Good, I'm glad we agree on that! I take it then that you would not agree with those who complain that scientists should consider supernatural as well as natural hypotheses? I would certainly say, and I take it you agree, that such hypotheses are beyond the methodology of science. There is no particular reason to believe this other than that it suits your metaphysical predisposition to reject ID. It is no different from saying “life is a brute fact that I can’t explain.” I don't "believe" it, and have no such "metaphysical disposition". I'm not sure if you are aware, Barry, but I was a theist for 50 odd years, and a devout one. I even wrote a book about God for children, which sold quite well. I was always (still am) a "seeker", and would like nothing better but to find that my former faith was reconcilable with my current understanding of the world. I still think of myself as a basically "religious" person, possibly in a Buddhist sense, although I am not a Buddhist. My hunch about life is based on two things: that on the whole, things we observe are likely to be a random sample from the totality of things, and so if we observe something once (life) it probably means it is fairly frequent (the counter argument here is of course the argument that if we weren't here we would be unable to observe life, so it isn't a random sample! But that is the "anthropic principle" which is normally rejected by IDists!). The other thing is that I am really quite impressed with some of the OoL research that is going on, and I think it looks promising. I will revise my view if progress ceases, but my guess (not belief is that within a few decades, possiby within my lifetime, we will have observed Darwinian-capable self-replicating systems emerging from prebiotic conditions comparable to those thought to have pertained on early earth. But, to repeat, this is a hunch only.

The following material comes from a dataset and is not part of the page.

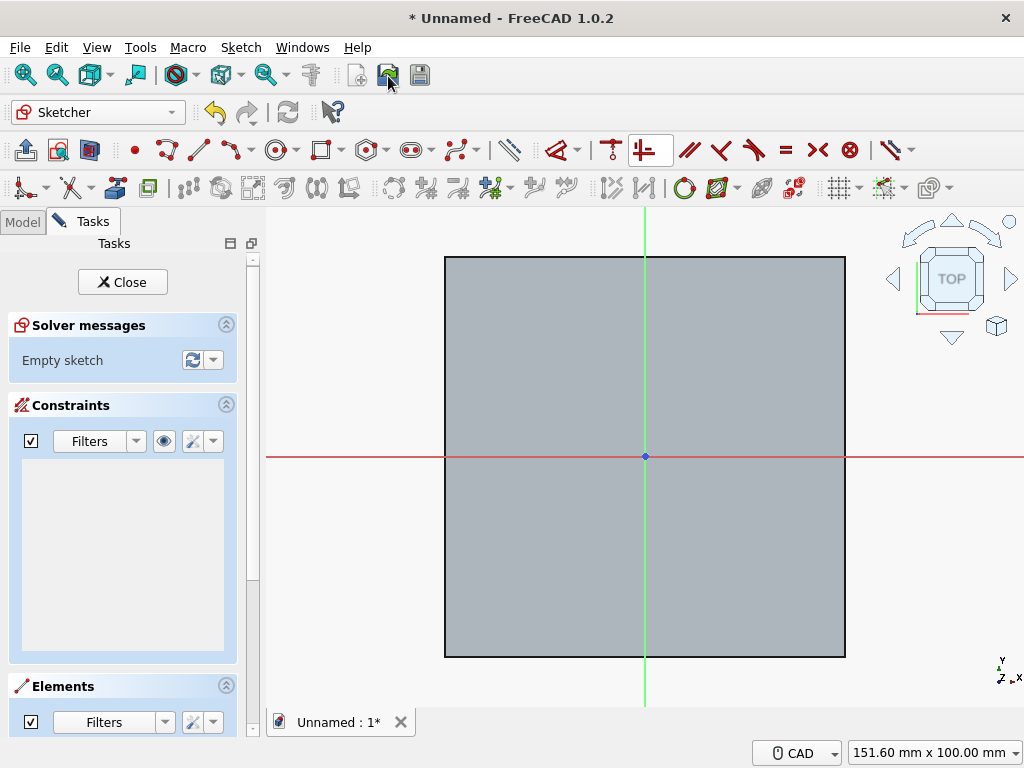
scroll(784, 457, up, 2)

The multiverse is not a scientific hypothesis. It is a metaphysical assertion. The hypothesis that any universe exists (much less multiple universes) other than the one in which we live is not testable (how could it be?) and thus not falsifiable even in principle.
Most things in science (in a sense all) are tested indirectly. If mathematical models that include a multiverse make predictions about ours that are supported by data, then that is empirical support for that multiverse model. But without getting too abstruse, it is a direct inference from Big Bang models that the observable universe (of which we are necessarily at the dead centre) is only a tiny fraction of the total universe. So we cannot extrapolate from the conditions that pertain in our section to the conditions that pertain in the rest. If there is only a narrow band of fundamental constants that are life-friendly, then, clearly, any part of the total universe that contains observers must be parts in which those constants fall within that narrow band. But it would be extrapolating beyond the range of our data to assume that those constants pertained beyond the limits of observability. Estimate for the size the total universe are that it is about 10^23 times the size of the observable universe. To assume it all has life-friendly constants would be like assuming that the rest of the world has the same characteristics as the part you can see from your house. Then there are theories about bubble universes and such like. Again, these are theories that make predictions, and so are scientific.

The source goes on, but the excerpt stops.